This issue of Policy and Practice affords an opportunity to examine migration from a range of perspectives including: the push factors that force people to migrate; the state migration policies that await migrants in the global North; the lack of safe international migratory routes; the role of the international media in shaping public discourse on migration; the often ignored positive outcomes of migration and societal contributions of migrants in host countries; and the role of development education in challenging, as well as reinforcing, myths and stereotypes that surround migration.

Among the questions that contributors to Issue 38 could consider are the following:

  • How does development education address migration and the multiple drivers that influence migration?  For example, climate change, conflict, human rights abuses and extreme poverty.  
  • What approaches to development education engage with the positive outcomes of migration?  For example, remittances in low and middle-income countries, cultural diversity, economic benefits for host countries and increased knowledge of the global South.
  • How does development education consider the negative outcomes of migration for low- and middle-income countries?  For example, the loss of skilled workers because of outward migration to the global North, particularly in healthcare.  A drain on the economy and education system.
  • How does development education and broader educational policies and practices correspond to wider governmental and multilateral policies on migration?  For example, the Direct Provision system in Ireland; the use of hotel accommodation for asylum seekers and the Rwanda policy in the UK; European Union migration policy of reducing migration to EU countries through payments to non-EU states.
  • What innovative development education approaches engage with media representations of migration, seeking to challenge anti-immigrant sentiment and provide clarity and accuracy on the issue of migration? 
  • How can development education address migration in the wider context of threats to democracy, challenges to human rights and the rise of far-right politics? Recent examples include Brexit and the Trump administration.
  • What are the challenges and limits to development education’s capacity to address the topic of migration in different educational contexts?  Are learners demotivated or resistant to engagement with this and other important development topics?  Is there a loss of faith in campaigning, particularly by young people?
  • What are the opportunities and possibilities for development education to extend our knowledge and understanding of migration based on current or recent practice?  Where this engagement is happening, what tools, resources and learning frameworks have supported it?

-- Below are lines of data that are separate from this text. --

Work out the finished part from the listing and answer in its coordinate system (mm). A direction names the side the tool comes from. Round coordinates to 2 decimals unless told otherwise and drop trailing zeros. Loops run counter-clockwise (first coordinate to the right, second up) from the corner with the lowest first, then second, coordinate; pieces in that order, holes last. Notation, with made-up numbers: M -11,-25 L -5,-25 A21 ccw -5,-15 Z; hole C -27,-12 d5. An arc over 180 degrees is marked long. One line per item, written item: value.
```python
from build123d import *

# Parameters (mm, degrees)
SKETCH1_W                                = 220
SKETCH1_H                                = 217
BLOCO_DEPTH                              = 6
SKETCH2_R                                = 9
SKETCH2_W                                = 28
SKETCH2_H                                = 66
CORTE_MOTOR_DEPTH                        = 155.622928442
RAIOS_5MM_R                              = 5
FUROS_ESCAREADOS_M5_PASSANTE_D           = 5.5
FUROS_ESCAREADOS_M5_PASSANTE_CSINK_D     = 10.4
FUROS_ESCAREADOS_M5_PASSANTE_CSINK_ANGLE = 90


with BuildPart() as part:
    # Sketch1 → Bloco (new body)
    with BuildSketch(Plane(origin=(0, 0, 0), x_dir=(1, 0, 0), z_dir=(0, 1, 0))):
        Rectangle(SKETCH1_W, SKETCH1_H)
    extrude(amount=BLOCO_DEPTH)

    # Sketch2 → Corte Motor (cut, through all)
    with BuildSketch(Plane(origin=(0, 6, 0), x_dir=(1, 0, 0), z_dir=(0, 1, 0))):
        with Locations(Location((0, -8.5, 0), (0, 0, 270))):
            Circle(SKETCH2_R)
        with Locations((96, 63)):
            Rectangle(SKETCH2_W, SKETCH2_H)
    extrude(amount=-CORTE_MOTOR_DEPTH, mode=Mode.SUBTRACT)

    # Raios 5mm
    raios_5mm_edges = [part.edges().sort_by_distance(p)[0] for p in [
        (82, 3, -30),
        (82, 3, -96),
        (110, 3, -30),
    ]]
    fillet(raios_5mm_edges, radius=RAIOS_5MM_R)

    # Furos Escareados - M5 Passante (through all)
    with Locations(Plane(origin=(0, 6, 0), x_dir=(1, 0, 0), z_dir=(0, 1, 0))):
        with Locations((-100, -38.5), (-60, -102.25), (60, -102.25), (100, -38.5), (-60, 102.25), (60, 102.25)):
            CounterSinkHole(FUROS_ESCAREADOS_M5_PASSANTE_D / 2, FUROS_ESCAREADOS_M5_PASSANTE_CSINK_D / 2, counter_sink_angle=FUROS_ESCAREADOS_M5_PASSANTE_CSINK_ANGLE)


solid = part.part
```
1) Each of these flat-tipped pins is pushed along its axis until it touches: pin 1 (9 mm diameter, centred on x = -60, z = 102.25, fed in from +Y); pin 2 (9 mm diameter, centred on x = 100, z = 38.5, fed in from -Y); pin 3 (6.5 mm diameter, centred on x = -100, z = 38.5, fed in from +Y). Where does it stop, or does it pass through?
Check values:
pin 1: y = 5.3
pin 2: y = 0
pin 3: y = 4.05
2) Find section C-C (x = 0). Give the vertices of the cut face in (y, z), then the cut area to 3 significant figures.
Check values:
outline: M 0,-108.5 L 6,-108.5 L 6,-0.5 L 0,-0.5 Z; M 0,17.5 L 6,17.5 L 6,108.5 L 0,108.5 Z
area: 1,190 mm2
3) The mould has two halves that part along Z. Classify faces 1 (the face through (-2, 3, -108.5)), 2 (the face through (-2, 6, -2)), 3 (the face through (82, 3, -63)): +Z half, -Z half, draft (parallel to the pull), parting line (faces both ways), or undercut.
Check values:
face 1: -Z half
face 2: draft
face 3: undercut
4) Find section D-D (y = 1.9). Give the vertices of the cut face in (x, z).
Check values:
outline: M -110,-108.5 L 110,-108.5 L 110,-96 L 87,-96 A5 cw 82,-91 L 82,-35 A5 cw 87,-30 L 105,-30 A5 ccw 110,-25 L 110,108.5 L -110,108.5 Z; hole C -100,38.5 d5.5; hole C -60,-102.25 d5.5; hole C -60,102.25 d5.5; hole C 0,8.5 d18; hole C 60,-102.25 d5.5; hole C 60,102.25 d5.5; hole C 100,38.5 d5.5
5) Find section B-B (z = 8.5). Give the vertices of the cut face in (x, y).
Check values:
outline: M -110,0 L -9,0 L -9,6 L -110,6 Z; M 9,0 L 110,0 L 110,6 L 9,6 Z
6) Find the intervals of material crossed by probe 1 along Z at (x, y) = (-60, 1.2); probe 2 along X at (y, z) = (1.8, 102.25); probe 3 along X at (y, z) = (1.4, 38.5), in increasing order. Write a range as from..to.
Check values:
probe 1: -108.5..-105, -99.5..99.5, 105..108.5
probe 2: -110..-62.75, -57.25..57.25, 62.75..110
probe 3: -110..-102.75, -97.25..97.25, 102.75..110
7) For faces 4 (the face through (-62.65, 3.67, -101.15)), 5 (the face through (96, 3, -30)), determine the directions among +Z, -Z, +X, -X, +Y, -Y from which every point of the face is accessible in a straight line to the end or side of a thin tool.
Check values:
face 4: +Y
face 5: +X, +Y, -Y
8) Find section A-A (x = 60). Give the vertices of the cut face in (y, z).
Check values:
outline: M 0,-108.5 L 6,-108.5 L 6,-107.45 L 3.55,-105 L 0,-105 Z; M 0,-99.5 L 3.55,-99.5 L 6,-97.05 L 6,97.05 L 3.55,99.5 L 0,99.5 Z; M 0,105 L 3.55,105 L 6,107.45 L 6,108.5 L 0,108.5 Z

Authors interested in submitting an article to Issue 38 should send a 300-word abstract to journal editor, Stephen McCloskey, by Friday, 10 November 2023.  Please  The submission date for commissioned articles is Friday, 8 December 2023.  

Article Types

There are four kinds of article published in Policy and Practice

  • Focus articles are peer reviewed, between 3,500 and 6,000 words, and should have a strong critical and theoretical analysis of their topic. 
  • Perspectives articles which are 2,000 – 4,000 words in length and more descriptive, addressing an aspect of development education practice. 
  • Viewpoint articles which are 2,000 – 4,000 words in length and opinion pieces on burning issues related to DE policy and practice. 
  • Review articles are 1,000-2,000 words in length and offer an opinion of a new book, film, teaching resource or online site on development issues.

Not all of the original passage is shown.